Bibliometric analytics

Every trace automatically computes quantitative metrics on the citation graph:

Metric	Scope	Description
PageRank	per-node	Importance of a paper relative to the citation structure
Betweenness centrality	per-node	Identifies "bridge" papers that connect different clusters
In/out degree	per-node	Number of incoming/outgoing edges in the graph
Pivot detection	per-node	Flags the earliest keyword-matched paper (regex or semantic) in each connected component, plus high-betweenness papers with the keyword
Graph density	global	Ratio of actual edges to maximum possible edges
Avg degree	global	Mean number of connections per node
Connected components	global	Number of weakly connected subgraphs
Keyword density timeline	global	Per-year breakdown: total papers, papers with keyword, usage density

The analytics collapsible section in the control panel shows global metrics, a clickable list of pivot papers (clicking focuses the node), and a keyword density timeline table with mini bar charts. Per-node metrics appear in the info panel when hovering or clicking a node.

All analytics are included in the JSON export ("analytics" key), the GraphML export (betweenness, pagerank, is_pivot as node attributes), and the reproducibility manifest.

Reproducibility

Every trace generates a manifest.json alongside the graph output, encoding everything needed to reproduce the exact same graph:

citracer version, timestamp, full CLI command
Source paper: type (pdf/doi/arxiv/url), raw input value, resolved title/DOI/arXiv ID
Parameters: keywords, match mode, depth, context window, consolidate, reverse, enrich, GROBID URL
Environment: Python version, platform, GROBID availability, API key/email status
Results: node/edge counts, status breakdown, analytics summary (global metrics, timeline, pivot papers)

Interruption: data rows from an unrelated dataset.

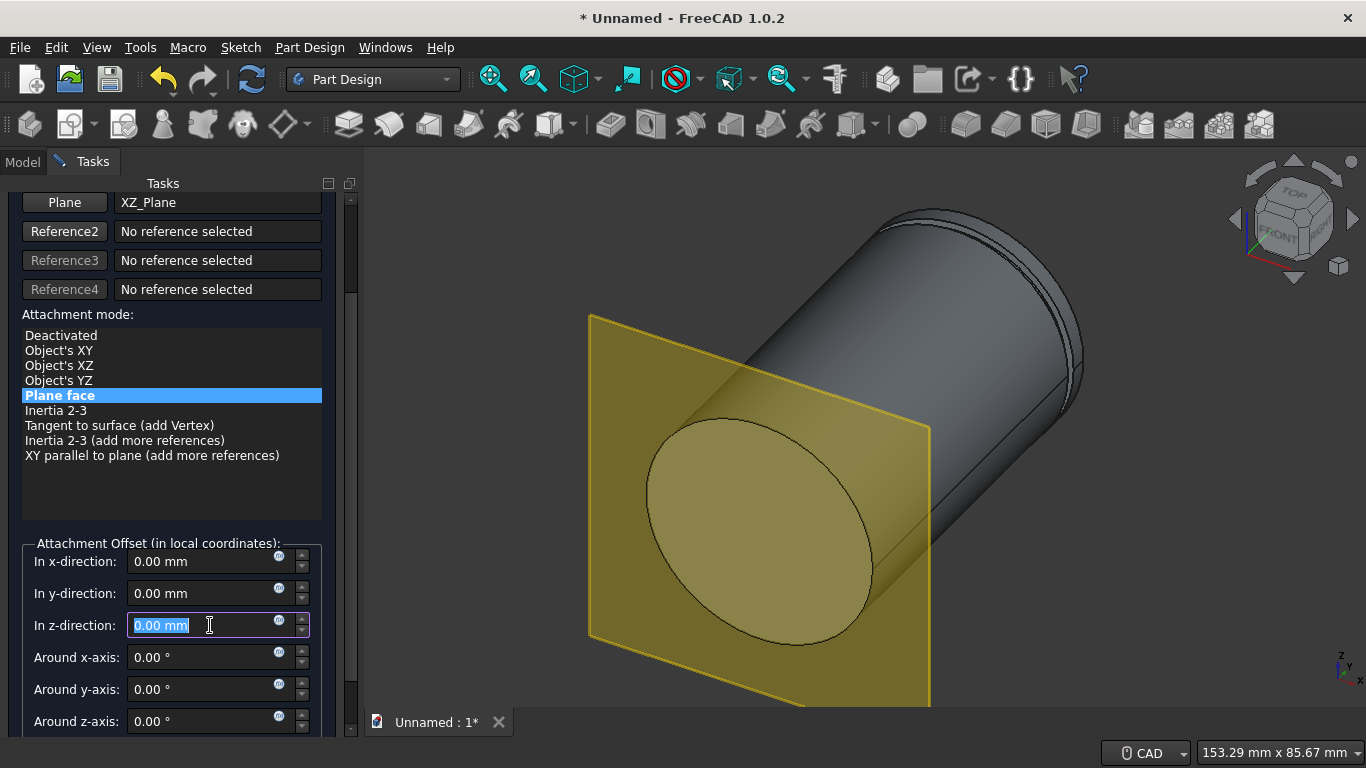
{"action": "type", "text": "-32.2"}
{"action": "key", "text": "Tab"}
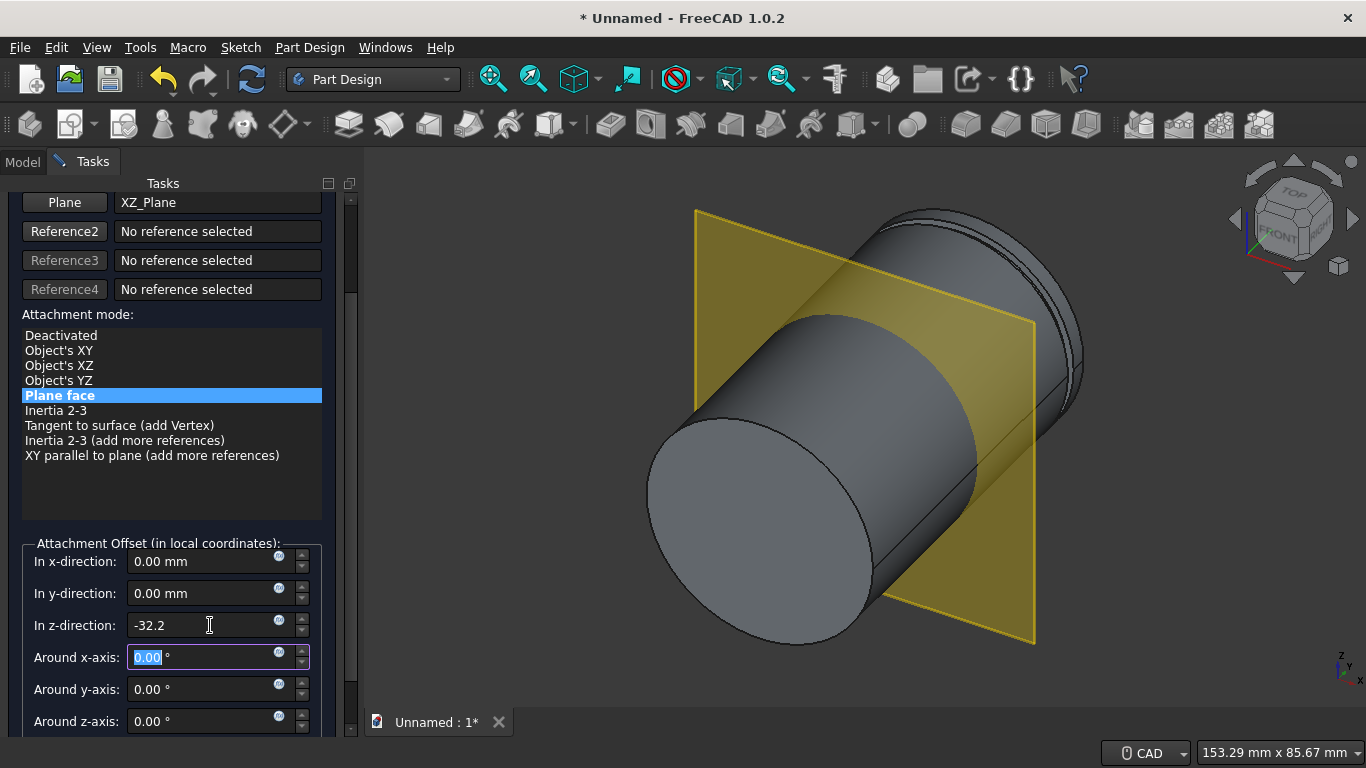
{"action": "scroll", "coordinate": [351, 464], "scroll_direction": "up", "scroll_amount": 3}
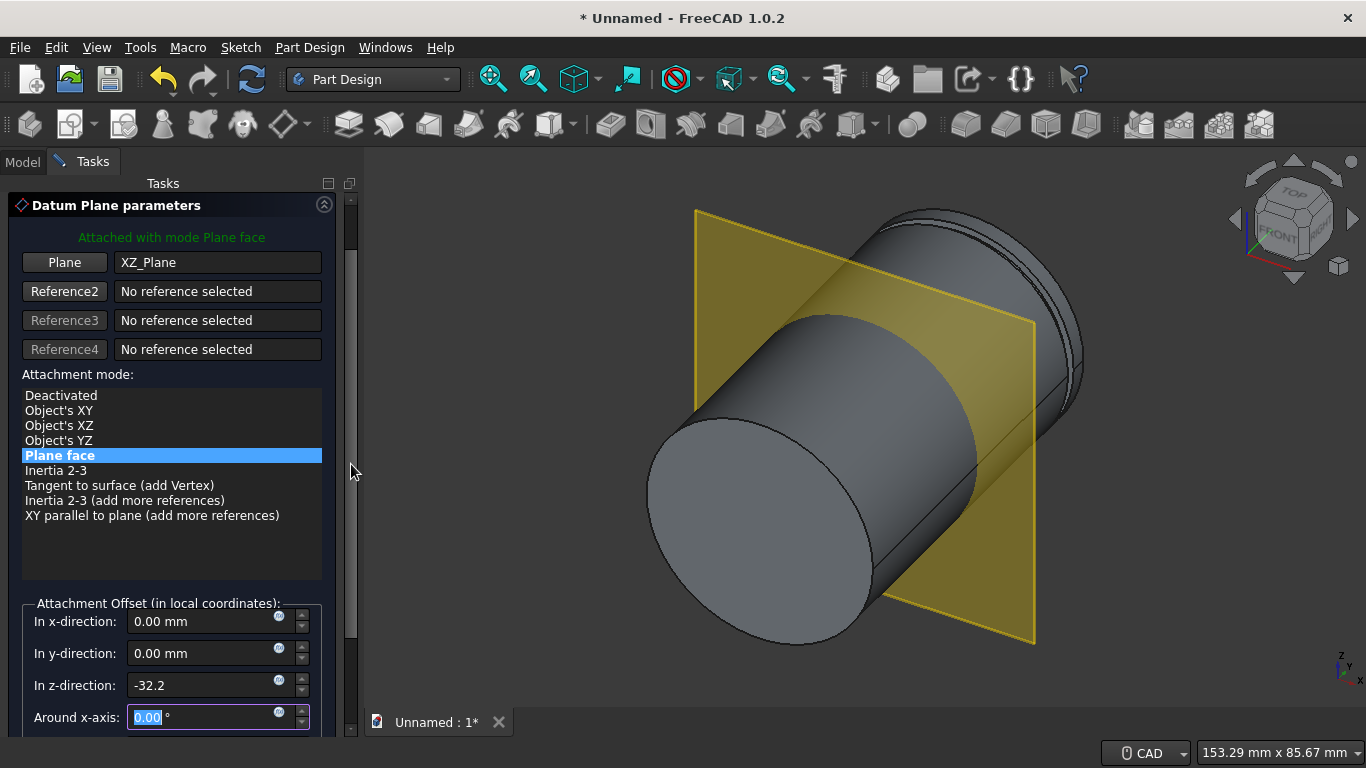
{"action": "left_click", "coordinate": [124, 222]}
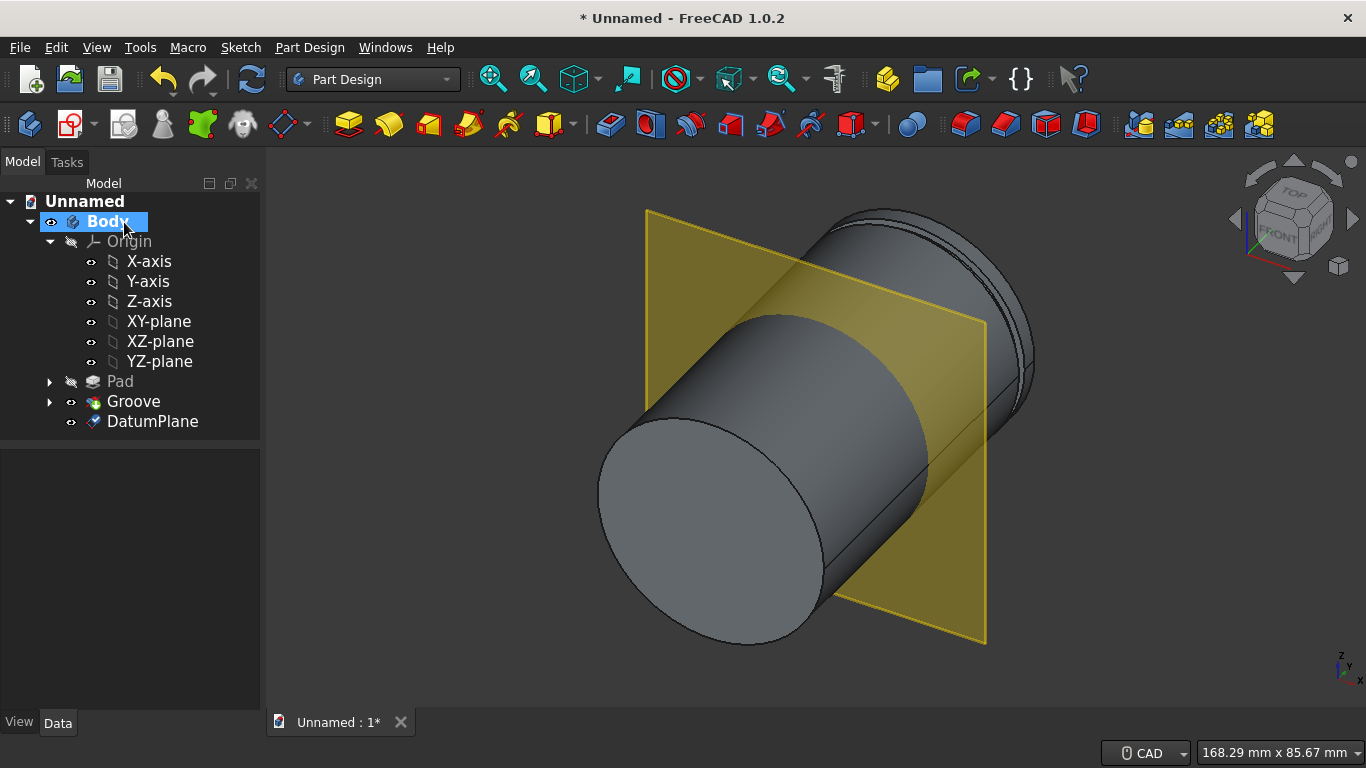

This allows anyone receiving a citracer graph to re-run the trace with identical settings. The manifest is also embedded in JSON exports under the "metadata" key.

🔍 How it works

PDF parsing. GROBID processes the PDF and returns TEI XML. citracer walks the <body> to reconstruct the plain text while recording the character offset of every inline <ref type="bibr"> citation. The bibliography is extracted from <listBibl>. Figure-diagram paragraphs (detected by their density of mathematical Unicode characters) are skipped to avoid polluting the keyword matcher. Paragraphs that GROBID splits mid-sentence around narrative citations (a common pattern around "Since Smith et al. (2020) and Jones et al. (2021) have shown...") are glued back together with a length-preserving regex so sentence-based matching still sees the refs and the keyword together.
Inline ref recovery. GROBID occasionally misses narrative citations like DLinear Zeng et al. (2023), especially when the author name isn't preceded by a parenthesis. A supplementary pass scans the text for canonical author-year patterns (Surname et al. (Year), Surname & Other (Year), Surname (Year)) and adds them as inline refs whenever the (surname, year) signature matches a unique bibliography entry. In typical ML papers this recovers dozens of refs per document.
Keyword matching (regex + optional semantic). The keyword is first compiled to a flexible regex that handles morphological variants (e.g. channel-independent matches channel-independence, channel independently, channelindependence). The body is segmented into sentences with pysbd, and each occurrence of the keyword is associated with the references cited in the same sentence or the immediately following one. When --semantic is enabled, a second pass scans every sentence the regex didn't match using a sentence-transformer embedding model: sentences whose embedding is close enough to the keyword (cosine similarity above the threshold) are added as additional hits. This catches conceptual matches where the idea is expressed with entirely different vocabulary (for example, tracing "channel-independent" also surfaces passages about "decoupled cross-channel correlations" or "per-variate processing"). Regex hits and semantic hits are unioned, so --semantic only adds recall without losing any existing matches.
Reference resolution. Each cited paper is resolved through the following cascade:
1. If GROBID extracted a DOI or arXiv ID, use it directly.
2. Otherwise, search arXiv by title (phrase first, then keyword fallback, with rapidfuzz validation). Search results are validated by fuzzy title match (threshold 85) and year cross-check (±3 years from the bibliography entry's year when known) to prevent false matches on similarly-titled papers from different eras.
3. If arXiv has nothing, query Semantic Scholar with the same title + year validation, plus 429-aware backoff (also retrieves citation count and open-access PDF URL).
4. As a last resort, search OpenReview (covers ICLR/TMLR papers not on arXiv).
5. If --enrich is set, query OpenAlex for missing metadata (abstract, citation count, OA URL).
PDF download cascade (in order): user-supplied PDF (--supply-pdf) > arXiv > OpenReview > Sci-Hub (by DOI, tries multiple mirrors) > S2 open-access URL (covers PMC, publisher OA, bioRxiv, medRxiv, etc.) > preprint-specific download (bioRxiv, medRxiv, ChemRxiv, SSRN, PsyArXiv, AgriXiv, engrXiv).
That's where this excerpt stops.